▶ PROBLEM STATEMENT:
Scan the records for "blocked" and copy each line that contains it.

*** DATA SECTION ***

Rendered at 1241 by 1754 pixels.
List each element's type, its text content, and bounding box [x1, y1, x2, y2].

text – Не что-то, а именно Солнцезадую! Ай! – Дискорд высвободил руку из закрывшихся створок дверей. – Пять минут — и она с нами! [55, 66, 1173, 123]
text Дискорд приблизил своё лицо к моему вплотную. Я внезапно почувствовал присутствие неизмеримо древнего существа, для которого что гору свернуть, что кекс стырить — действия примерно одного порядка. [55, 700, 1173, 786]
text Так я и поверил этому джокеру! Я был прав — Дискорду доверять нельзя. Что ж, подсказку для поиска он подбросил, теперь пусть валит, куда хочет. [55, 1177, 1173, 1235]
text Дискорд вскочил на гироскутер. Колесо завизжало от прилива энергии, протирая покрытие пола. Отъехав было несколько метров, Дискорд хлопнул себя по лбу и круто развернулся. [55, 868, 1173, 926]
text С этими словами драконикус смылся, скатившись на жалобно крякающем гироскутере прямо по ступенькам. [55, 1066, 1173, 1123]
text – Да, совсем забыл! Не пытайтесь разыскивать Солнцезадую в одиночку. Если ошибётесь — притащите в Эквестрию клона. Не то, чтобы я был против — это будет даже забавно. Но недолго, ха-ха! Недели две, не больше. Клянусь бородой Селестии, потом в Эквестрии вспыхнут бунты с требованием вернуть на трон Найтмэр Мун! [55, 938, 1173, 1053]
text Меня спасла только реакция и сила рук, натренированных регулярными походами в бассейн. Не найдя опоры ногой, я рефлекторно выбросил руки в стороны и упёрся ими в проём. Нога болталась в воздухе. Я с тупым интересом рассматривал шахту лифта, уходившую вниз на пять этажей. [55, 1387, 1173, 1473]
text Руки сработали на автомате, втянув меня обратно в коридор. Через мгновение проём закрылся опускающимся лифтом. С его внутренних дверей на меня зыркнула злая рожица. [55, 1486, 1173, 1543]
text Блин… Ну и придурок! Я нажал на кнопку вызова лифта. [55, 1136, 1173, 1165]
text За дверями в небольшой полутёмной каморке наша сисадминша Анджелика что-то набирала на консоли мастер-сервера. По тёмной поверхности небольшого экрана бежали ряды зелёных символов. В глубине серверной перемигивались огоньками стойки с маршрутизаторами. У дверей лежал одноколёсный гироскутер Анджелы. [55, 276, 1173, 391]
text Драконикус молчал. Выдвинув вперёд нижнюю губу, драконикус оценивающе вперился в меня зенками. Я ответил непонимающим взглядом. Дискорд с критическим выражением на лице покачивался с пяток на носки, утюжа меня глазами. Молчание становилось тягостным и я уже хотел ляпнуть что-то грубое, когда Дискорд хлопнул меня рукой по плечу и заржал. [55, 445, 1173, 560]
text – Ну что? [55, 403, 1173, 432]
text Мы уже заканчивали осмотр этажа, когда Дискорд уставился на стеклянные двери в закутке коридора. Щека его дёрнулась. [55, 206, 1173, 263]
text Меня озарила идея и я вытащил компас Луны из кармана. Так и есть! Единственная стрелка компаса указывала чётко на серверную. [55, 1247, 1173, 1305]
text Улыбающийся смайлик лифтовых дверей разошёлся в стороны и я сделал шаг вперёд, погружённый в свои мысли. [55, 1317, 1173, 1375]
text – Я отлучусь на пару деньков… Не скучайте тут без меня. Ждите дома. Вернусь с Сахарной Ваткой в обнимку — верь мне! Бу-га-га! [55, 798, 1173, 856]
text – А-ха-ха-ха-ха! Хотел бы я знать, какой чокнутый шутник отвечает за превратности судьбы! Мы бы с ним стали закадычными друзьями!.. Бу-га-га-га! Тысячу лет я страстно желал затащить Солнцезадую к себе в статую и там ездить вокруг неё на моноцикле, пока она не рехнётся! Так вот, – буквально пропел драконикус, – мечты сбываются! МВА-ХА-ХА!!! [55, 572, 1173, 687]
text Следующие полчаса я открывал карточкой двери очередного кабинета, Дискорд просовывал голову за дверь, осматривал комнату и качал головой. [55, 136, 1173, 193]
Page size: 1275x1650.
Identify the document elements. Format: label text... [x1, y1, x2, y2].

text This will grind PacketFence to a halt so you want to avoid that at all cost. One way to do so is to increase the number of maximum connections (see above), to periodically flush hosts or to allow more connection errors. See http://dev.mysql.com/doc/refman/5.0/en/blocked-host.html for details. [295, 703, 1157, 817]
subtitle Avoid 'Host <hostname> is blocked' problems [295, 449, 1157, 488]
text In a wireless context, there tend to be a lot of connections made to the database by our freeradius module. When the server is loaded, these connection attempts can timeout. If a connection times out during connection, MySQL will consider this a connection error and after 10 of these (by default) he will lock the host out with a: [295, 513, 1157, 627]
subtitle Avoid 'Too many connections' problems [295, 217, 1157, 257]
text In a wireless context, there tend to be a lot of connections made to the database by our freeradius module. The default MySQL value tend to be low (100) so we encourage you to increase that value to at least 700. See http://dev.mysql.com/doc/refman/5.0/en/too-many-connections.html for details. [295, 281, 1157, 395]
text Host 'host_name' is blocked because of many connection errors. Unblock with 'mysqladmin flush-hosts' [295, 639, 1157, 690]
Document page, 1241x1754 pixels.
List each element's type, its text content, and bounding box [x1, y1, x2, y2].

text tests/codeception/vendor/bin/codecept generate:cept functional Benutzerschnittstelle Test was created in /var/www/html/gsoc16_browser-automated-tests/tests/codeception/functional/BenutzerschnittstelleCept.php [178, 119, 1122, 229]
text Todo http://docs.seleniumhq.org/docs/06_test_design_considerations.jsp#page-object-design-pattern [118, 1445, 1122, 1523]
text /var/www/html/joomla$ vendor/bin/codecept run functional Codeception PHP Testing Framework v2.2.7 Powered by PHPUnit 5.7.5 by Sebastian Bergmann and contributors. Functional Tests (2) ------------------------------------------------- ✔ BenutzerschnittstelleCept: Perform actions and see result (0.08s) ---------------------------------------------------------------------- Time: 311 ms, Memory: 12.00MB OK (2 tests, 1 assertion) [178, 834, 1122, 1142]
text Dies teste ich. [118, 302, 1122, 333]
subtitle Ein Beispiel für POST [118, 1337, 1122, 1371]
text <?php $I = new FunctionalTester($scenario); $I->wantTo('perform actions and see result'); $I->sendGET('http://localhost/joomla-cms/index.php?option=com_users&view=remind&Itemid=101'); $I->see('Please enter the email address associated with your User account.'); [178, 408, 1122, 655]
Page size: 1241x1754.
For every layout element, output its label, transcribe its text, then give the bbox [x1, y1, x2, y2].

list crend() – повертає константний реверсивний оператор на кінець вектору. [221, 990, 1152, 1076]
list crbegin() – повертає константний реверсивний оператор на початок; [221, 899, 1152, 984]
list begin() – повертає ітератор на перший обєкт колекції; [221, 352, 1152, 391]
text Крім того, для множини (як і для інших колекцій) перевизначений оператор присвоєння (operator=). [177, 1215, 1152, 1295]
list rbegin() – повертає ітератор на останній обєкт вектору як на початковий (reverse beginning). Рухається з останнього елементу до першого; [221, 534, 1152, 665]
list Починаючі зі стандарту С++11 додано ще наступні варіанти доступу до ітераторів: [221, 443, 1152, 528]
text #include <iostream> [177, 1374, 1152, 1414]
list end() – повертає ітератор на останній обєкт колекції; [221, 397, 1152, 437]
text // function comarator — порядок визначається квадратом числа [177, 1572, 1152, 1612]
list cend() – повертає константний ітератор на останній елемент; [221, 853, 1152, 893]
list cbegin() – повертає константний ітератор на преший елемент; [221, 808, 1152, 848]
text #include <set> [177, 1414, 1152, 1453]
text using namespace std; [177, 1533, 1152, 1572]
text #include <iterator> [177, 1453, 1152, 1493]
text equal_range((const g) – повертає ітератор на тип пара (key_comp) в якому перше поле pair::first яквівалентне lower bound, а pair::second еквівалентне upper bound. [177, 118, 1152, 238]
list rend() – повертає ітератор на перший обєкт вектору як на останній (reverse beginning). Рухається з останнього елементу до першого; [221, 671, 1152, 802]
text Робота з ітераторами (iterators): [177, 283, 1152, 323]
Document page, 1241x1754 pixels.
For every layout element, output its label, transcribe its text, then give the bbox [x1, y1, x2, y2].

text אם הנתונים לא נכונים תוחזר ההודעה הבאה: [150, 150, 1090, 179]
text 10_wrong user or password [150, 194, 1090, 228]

*** End of DATA SECTION ***

▶ OUTPUT OF THE EXERCISE:
text This will grind PacketFence to a halt so you want to avoid that at all cost. One way to do so is to increase the number of maximum connections (see above), to periodically flush hosts or to allow more connection errors. See http://dev.mysql.com/doc/refman/5.0/en/blocked-host.html for details. [295, 703, 1157, 817]
subtitle Avoid 'Host <hostname> is blocked' problems [295, 449, 1157, 488]
text Host 'host_name' is blocked because of many connection errors. Unblock with 'mysqladmin flush-hosts' [295, 639, 1157, 690]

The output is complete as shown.